» **Exercise brief**
Using the data below, return the stretch from the line that contains "What is the title" through the line that contains "Answer: Football What", both included, exactly as it stands and nothing beyond it.

» **Material for this task**
-------------------------

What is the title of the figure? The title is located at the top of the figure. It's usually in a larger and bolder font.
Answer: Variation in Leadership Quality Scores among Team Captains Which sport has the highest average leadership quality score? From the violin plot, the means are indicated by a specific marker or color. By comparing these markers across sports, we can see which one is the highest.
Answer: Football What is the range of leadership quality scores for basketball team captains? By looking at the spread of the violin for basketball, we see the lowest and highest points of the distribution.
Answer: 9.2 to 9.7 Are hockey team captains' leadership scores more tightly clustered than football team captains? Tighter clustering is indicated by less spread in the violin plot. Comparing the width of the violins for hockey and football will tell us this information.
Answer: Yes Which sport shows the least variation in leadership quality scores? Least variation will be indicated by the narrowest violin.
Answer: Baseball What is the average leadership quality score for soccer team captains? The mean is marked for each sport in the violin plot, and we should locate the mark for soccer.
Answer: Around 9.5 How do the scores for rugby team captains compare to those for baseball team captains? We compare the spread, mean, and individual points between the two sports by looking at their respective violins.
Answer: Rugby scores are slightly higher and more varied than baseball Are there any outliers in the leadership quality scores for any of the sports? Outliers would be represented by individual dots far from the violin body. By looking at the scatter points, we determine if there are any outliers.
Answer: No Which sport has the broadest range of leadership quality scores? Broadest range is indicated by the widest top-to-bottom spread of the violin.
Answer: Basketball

-------------------------

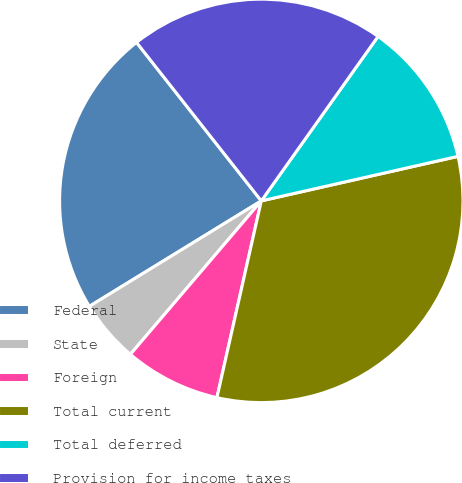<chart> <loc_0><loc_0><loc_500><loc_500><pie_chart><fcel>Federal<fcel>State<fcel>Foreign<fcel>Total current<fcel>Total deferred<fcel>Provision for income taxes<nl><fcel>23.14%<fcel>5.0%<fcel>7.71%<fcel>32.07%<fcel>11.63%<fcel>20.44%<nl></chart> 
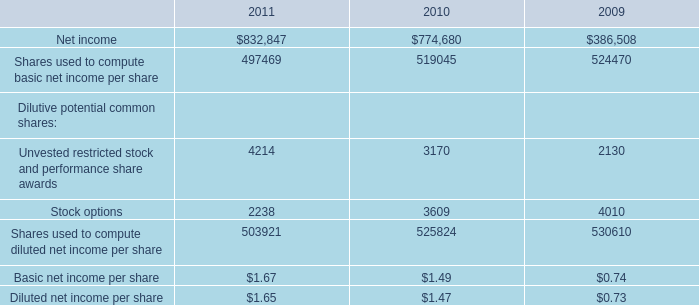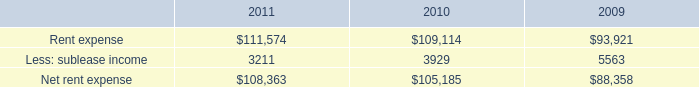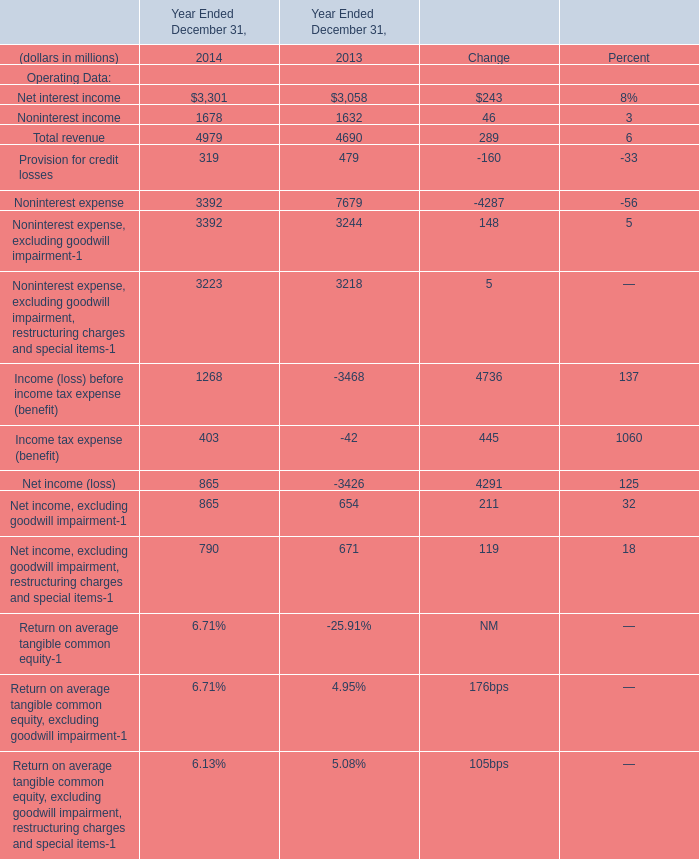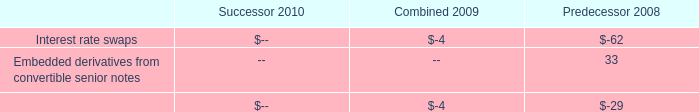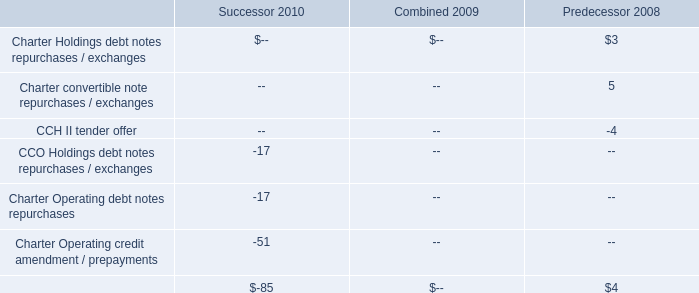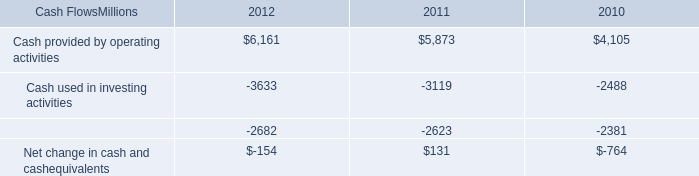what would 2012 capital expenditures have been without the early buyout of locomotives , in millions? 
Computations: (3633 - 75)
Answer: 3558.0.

-------------------------

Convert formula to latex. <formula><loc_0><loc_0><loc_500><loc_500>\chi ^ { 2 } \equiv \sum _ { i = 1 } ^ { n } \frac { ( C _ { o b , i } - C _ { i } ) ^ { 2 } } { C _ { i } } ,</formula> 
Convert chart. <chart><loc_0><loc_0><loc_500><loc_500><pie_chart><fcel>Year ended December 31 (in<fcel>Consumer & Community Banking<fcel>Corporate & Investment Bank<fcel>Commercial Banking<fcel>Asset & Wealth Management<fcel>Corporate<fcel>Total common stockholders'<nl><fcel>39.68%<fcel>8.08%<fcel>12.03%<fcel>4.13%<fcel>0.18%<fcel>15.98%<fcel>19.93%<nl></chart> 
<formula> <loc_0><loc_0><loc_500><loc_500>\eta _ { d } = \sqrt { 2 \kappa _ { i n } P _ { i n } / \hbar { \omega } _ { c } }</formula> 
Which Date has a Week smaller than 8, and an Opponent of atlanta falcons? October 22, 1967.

-------------------------

» **Exercise solution**
What is the title of the figure? The title is located at the top of the figure. It's usually in a larger and bolder font.
Answer: Variation in Leadership Quality Scores among Team Captains Which sport has the highest average leadership quality score? From the violin plot, the means are indicated by a specific marker or color. By comparing these markers across sports, we can see which one is the highest.
Answer: Football What is the range of leadership quality scores for basketball team captains? By looking at the spread of the violin for basketball, we see the lowest and highest points of the distribution.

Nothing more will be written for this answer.